Salvation: Knowing the Truth

This article in First Things gives an excellent big picture look of the history of soteriology, seen through the eyes of the Roman Catholic Church. The whole thing is good, but I want to ramble on this bit about Karl Rahner.
One of the most interesting developments in post-conciliar theology has been Karl Rahner’s idea of “anonymous Christians.” He taught that God offers his grace to everyone and reveals himself in the interior offer of grace. Grace, moreover, is always mediated through Christ and tends to bring its recipients into union with him. Those who accept and live by the grace offered to them, even though they have never heard of Christ and the gospel, may be called anonymous Christians.

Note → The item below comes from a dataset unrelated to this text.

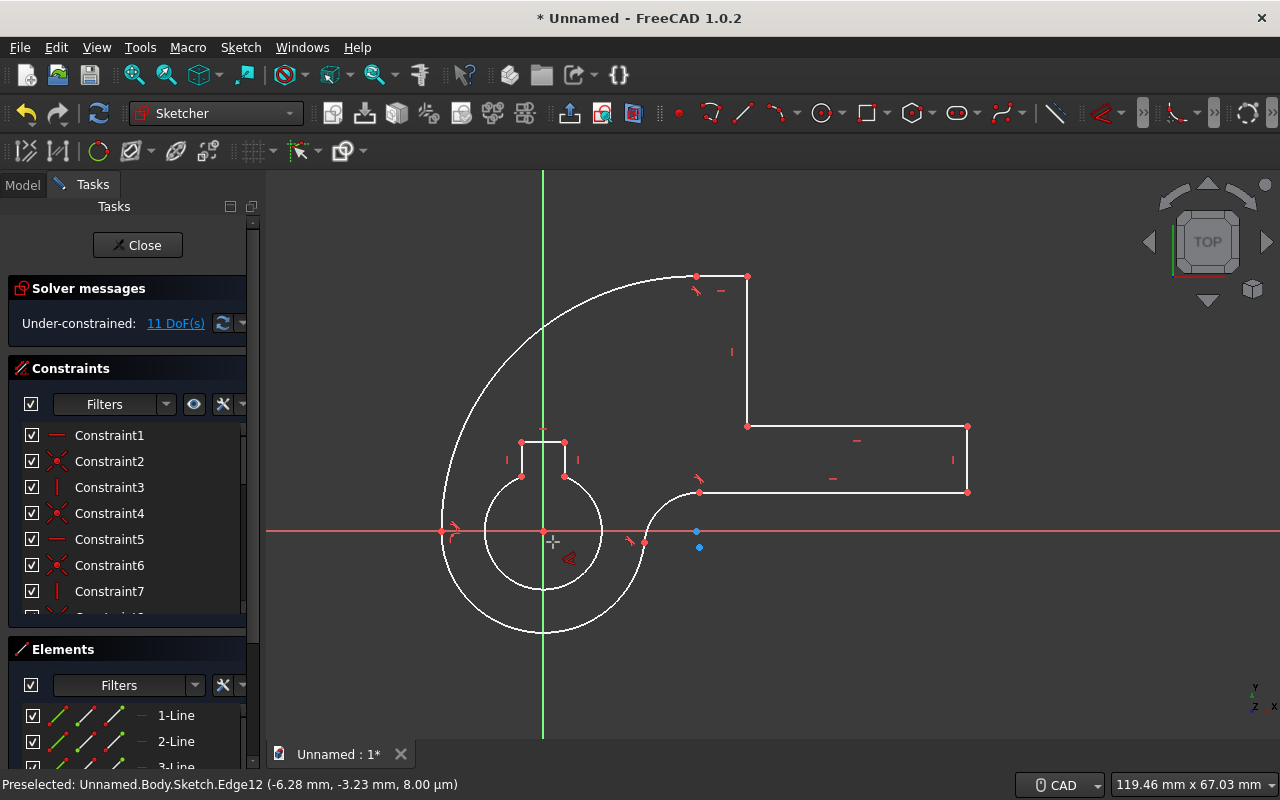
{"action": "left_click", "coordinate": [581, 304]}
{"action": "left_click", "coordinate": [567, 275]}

Although Rahner denied that his theory undermined the importance of missionary activity, it was widely understood as depriving missions of their salvific importance. Some readers of his works understood him as teaching that the unevangelized could possess the whole of Christianity except the name. Saving faith, thus understood, would be a subjective attitude without any specifiable content. In that case, the message of the gospel would have little to do with salvation.
Here's my analogy. Imagine that salvation is eating dinner. You sit down at the table, request the steak, which is promptly passed, pull our your knife and fork, and slice away (my apologies to vegetarians out there, but I like eating meat).

Imagine that a thick fog fills the room so that you cannot see anything. You walk in, tripping over someone else's foot, bumbling to find something to eat (poking yourself and many others in the eye), ending up with a plate of something that's as likely to be the plant from the middle of the table as it is to be food.

Some people would be horror stricken if it were thought that any true Christian could possibly entertain the notion that unevangelized people (those who haven't heard) could be "saved". After all, wouldn't such a theology destroy any need for missions?

Now think of my foggy dinner analogy. There might be one man who walks in, comfortably sits down to a plate of food, happens to pick up the right instruments, and proceeds to enjoy a wonderfully tasty (though probably not peaceful, with all those bumblers around him) meal. Why does he need evangelizing? Now imagine that the fog is cleared away and he sees clearly for the first time. Who's going to claim that that act is useless?

This isn't to say that I agree with Rahner's conclusions or theology in the least. What I am saying is that even if Rahner's wrong, it's not because his theology opposes missions.

Knowing the truth doesn't mean you're gonna act appropriately. Two men emerge from the fog and see the table. One man sees a knife and plunges it into his steak. Another man sees the knife and plunges it into his wife. Both men saw clearly and yet only one man understood.

2 comments:

  1. I agree with Rahner's position, mostly, and I agree with your analogy: the possibility that the unevangelized can be saved doesn't detract from our responsibility to do everything we can to convert them.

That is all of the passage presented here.